Conversei com Xue e decidimos levar nossos pais para jantar fora. Xue relutou, mas vendo minha insistência acabou cedendo. Não tínhamos grandes economias, mas certos momentos exigem algum gasto. Sempre tive uma visão desapegada sobre dinheiro, mas Xue, ao contrário, é extremamente econômica. Uma vez ela me obrigou a comer dois pedaços de carne refogada que tinham sobrado, e acabei com dor de barriga; o remédio custou mais caro do que um jantar decente.
“Senhor Xue, como os jovens estavam fora no almoço, ficamos meio sem saber o que fazer, então improvisamos qualquer coisa em casa. Peço desculpas,” disse meu pai, erguendo o copo num brinde cordial e bebendo tudo de uma vez.
“Não precisa dessas formalidades, somos todos uma família agora,” respondeu o pai de Xue, de modo refinado — afinal, ele trabalha com educação e, comparado ao meu pai, demonstra muito mais polidez.
Enquanto ouvia as gentilezas, minha mãe beliscou meu braço e sussurrou: “Vai pedir ela em casamento? Que romântico, hein!”
Sorri para ela: “Mãe, já sabe de tudo, né?”
Massageei o braço dolorido e expliquei: “Não é pedido de casamento, ainda falta muito pra isso!”
Mal terminei de falar, ouvi a mãe de Xue cochichando com ela: “Por que saiu tão apressada da última vez? Nem me deixou te dar o registro de residência.”
Xue, com seus olhos grandes e inocentes, perguntou: “Pra que eu quero o registro, mãe?”
“Você é boba? Sem o registro não dá pra casar no cartório!”
“…”
Ouvindo o diálogo das duas, minha mãe voltou a me beliscar a perna, dizendo: “Então, está planejando me dar um neto direto? Se for assim, eu e seu pai ficamos até tranquilos.”
Meu pai, embora não fosse meu pai biológico, sempre me tratou como filho de verdade. No assunto do meu casamento, ele nunca falou muito, mas eu sabia que também se preocupava bastante. Afinal, ser padrasto nunca é fácil, especialmente sob o olhar atento da família.
Diante da situação, meus pais decidiram dar um empurrãozinho e, animados pelo vinho, disseram ao pai de Xue:
“Senhor Xia, normalmente deixamos as coisas para os jovens resolverem, pois são independentes e têm suas próprias ideias. Mas como pais, temos o desejo de ver nossos filhos encaminhados, para podermos descansar em paz, não é mesmo?”
Meu pai brindou com o senhor Xia, fingindo estar embriagado, e disse: “Então, qualquer exigência que tenha, pode pedir! O que estiver ao nosso alcance, faremos de tudo para realizar, certo?”
O pai de Xue, surpreso, respondeu: “Senhor Zhang, não precisa exagerar. Viemos só para ver nossa filha... Mas, como você disse, também desejamos que eles se casem logo. Quanto a exigências, não temos. No máximo, temos algumas... expectativas.”

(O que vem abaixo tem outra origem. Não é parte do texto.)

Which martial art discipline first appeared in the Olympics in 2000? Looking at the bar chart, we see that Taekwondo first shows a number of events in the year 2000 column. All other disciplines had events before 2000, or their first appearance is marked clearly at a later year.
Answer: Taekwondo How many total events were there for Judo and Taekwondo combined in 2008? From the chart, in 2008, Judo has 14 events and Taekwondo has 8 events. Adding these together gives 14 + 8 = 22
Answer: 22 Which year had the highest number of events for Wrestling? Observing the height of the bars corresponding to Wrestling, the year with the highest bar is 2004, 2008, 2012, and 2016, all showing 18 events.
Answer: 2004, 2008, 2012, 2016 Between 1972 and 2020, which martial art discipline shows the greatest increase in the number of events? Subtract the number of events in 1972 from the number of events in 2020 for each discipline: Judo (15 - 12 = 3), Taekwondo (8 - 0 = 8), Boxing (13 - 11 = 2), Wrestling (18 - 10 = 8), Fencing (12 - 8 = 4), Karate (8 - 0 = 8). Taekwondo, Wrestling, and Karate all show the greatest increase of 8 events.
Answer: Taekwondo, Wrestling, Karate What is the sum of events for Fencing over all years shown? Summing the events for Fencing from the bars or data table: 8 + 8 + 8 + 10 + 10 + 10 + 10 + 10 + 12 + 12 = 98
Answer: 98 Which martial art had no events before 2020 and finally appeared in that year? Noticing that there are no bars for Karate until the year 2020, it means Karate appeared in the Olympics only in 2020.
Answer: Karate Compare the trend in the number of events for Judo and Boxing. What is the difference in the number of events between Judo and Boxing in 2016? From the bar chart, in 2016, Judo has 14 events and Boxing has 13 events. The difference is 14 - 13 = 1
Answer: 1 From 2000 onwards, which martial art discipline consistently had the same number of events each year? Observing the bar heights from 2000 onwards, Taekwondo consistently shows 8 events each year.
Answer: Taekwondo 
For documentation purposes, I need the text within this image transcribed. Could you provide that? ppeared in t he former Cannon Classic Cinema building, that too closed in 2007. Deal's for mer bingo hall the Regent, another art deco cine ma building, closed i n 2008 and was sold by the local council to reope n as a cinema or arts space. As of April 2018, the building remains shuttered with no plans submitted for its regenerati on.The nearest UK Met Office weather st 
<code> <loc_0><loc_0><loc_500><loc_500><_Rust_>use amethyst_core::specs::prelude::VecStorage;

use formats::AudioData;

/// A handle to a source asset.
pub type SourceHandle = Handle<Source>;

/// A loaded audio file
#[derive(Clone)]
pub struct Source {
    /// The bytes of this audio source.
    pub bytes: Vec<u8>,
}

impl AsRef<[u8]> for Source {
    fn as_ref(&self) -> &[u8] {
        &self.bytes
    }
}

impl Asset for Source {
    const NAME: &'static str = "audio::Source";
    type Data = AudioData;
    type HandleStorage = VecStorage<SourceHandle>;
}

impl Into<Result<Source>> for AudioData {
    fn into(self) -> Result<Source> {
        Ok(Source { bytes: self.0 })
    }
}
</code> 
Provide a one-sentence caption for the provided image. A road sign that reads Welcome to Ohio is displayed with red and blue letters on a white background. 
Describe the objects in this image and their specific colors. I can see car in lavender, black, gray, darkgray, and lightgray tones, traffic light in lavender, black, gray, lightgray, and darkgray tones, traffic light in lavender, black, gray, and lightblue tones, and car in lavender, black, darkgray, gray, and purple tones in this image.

Percebendo que estavam quase entrando numa negociação, aproveitei a hora de pagar a conta para sair junto com Xue.
O casamento é uma coisa estranha — une não só duas pessoas, mas duas famílias, às vezes até culturas distintas. Se fosse escrever sobre isso, daria uma tese de dezenas de milhares de palavras!
Na saída, depois de pagar, eu e Xue ficamos parados nos corredores do restaurante, um de cada lado, trocando olhares cúmplices. Queríamos rir, mas não conseguíamos.
“Viu só? Seus pais vieram te vender.”
Xue me lançou um olhar cortante e retrucou: “Foi seu pai quem começou com essa história!”
“Quando tivermos uma filha, também vamos ser assim,” brinquei, arqueando as sobrancelhas.
As bochechas de Xue coraram e ela perguntou: “O quê?”
“Filha é igual banco — só rende dividendos!” caçoei.
“Você pensa demais!” Xue me reprovou com um olhar, mas logo emendou: “Meus pais não são assim. E, afinal, sou filha única. Se eles pedirem algo, é por nós dois. Na sua família tem vários irmãos, então se puderem pedir, vão pedir mesmo, certo?”
Ouvindo isso, percebi que aquela garota aparentemente ingênua era mais esperta do que eu pensava. Ou talvez fosse influência da sua mãe excêntrica.
A conversa entre as famílias se estendeu até dez e meia da noite; os pratos já estavam frios, com gordura endurecida nas bordas. Não sei exatamente do que falaram, mas o clima ficou um pouco tenso. Ainda assim, chegaram a um consenso, faltando apenas anunciar a decisão.
Eu e Xue estávamos ansiosos para saber o resultado — afinal, mesmo sendo nossa vida, para os mais velhos, a decisão final ainda era deles.